We are interested in crystal structures and stabilities of fluoride materials containing lanthanides and yttrium that are related to the CaF2 structure. These compounds are laser hosts and luminescent materials, oxygen sensors as well as components of solar cells. They exhibit various schemes of (dis)ordering of cations and anions in fluorite superstructures and anion-excess fluorites. In the last few years, we have performed a series of studies on the bulk AMF4 and MF3 materials (A = Li, Na, K; M = Y, lanthanide) at different pressure-temperature conditions. Among them, ordered LiYF4 is a commercial host for solid state lasers, while partially ordered NaYF4 doped with lanthanides is the most efficient material for green and blue up-conversion known to date. In the system KF-YF3, we have studied not only KYF4 [1] but also KY3F10, which is an anion-excess 2×2×2 superstructure of fluorite at atmospheric conditions. At high temperatures and high pressures, it converts to another fluorite superstructure with disordered fluorine atoms. The pressure-induced LaF3 post-tysonite structure is another example of the anion-excess fluorite [2]. Our work on the fluorite-related materials at extreme conditions provides information on their structural instabilities that could further be used to better understand and control their materials properties. For instance, we demonstrated that the NaMF4 up-converters are unstable and that the ordering of the cations and vacancies in their structure is a slow process [3]. Consequently, the order-disorder transformations have a profound influence over the luminescent properties of these materials when doped.

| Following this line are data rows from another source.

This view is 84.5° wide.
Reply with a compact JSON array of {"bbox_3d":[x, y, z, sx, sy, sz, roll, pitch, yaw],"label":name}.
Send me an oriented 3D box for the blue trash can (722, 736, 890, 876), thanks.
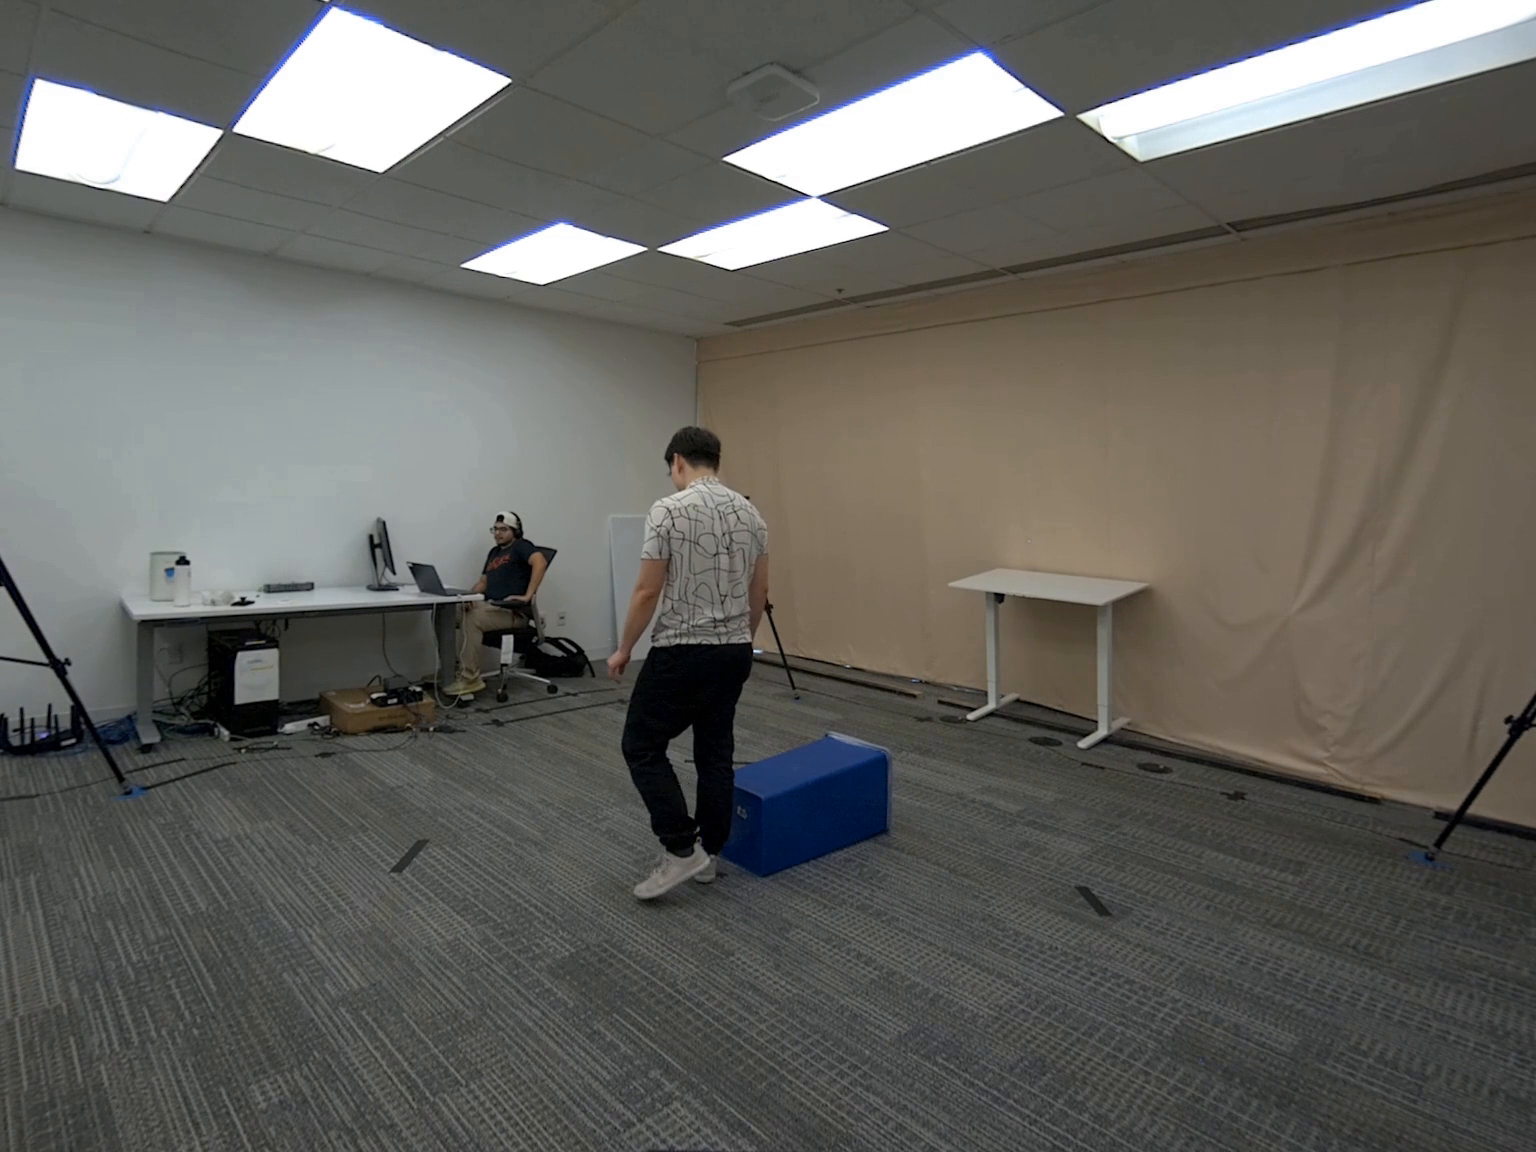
[{"bbox_3d":[0.124,0.910,3.410,0.698,0.377,0.384,-5,7,-42],"label":"blue trash can"}]
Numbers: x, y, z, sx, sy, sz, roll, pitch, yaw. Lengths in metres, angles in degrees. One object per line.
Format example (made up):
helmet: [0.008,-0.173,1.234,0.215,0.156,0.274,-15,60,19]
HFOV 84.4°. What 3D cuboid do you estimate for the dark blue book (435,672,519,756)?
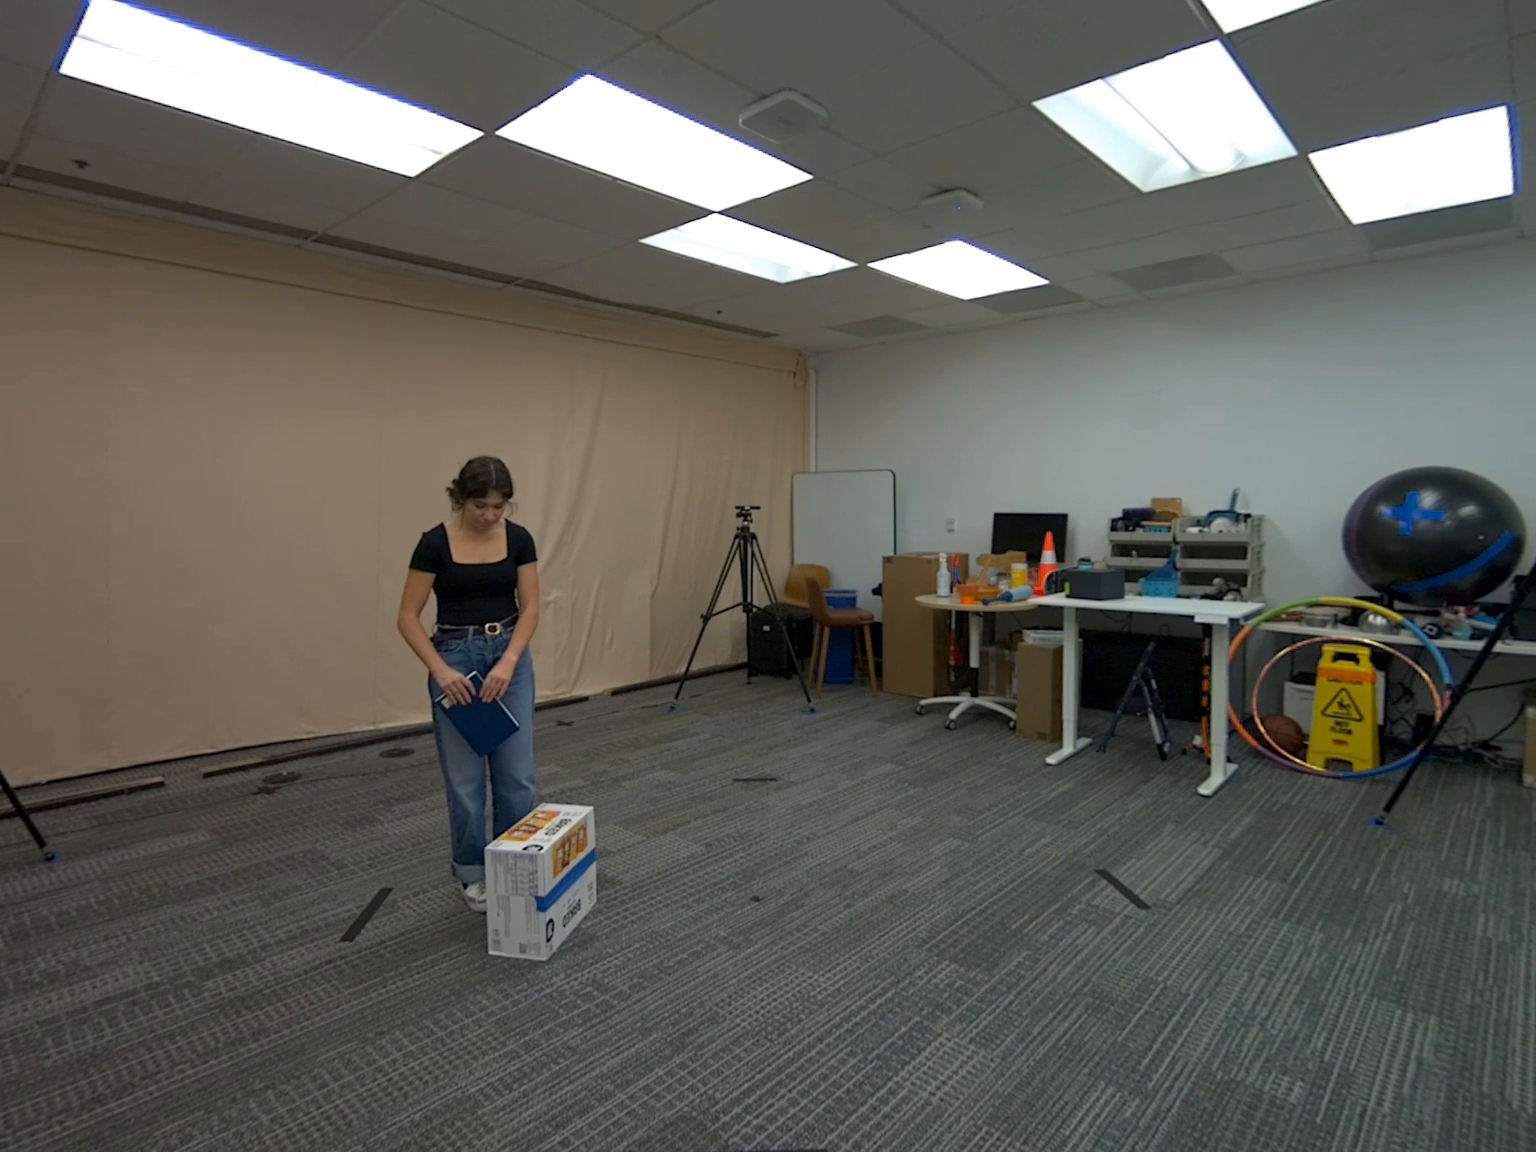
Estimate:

Twinning is a common known problem in the study of crystal structures from single-crystal data and often related to a high degree of pseudosymmetry of the structure with respect to a higher symmetrical parent one. With the rising popularity of in situ single-crystal diffraction studies under high pressure, the occurrence of twinned structures is more and more frequently reported. In this contribution, we review the available information on merohedral and pseudomerohedral twinning as well as pseudosymmetry under high pressures [1]. For twinning by merohedry type I (inversion twinning), a reliable characterization of the twin domains and volume fractions is difficult and largely depends on the experimental conditions, i.e., on the number of measured Friedel pairs and the chosen wavelength. For twinning by merohedry (type II) and for twinning by pseudomerohedry, twin volume fractions could be reliably determined from high-pressure data for several cases. In none of these, a significant influence of hydrostatic pressure on the volume fractions of the individuals was observed. Pressure-induced twinning has also been observed for compounds which undergo first-order phase transitions. It is remarkable that the twinning operation in such cases is related to the loss of rotational symmetry elements of the higher symmetrical polymorph, although the high- and low-pressure phases are not in the group-subgroup relationship. The analysis of pseudosymmetry of several compounds as a function of pressure suggests that this parameter can be used to predict the (in)stability of compounds. In particular, a decrease in pseudosymmetry seems to be strongly correlated with the occurrence of first-order phase transitions in which the crystals break or amorphize.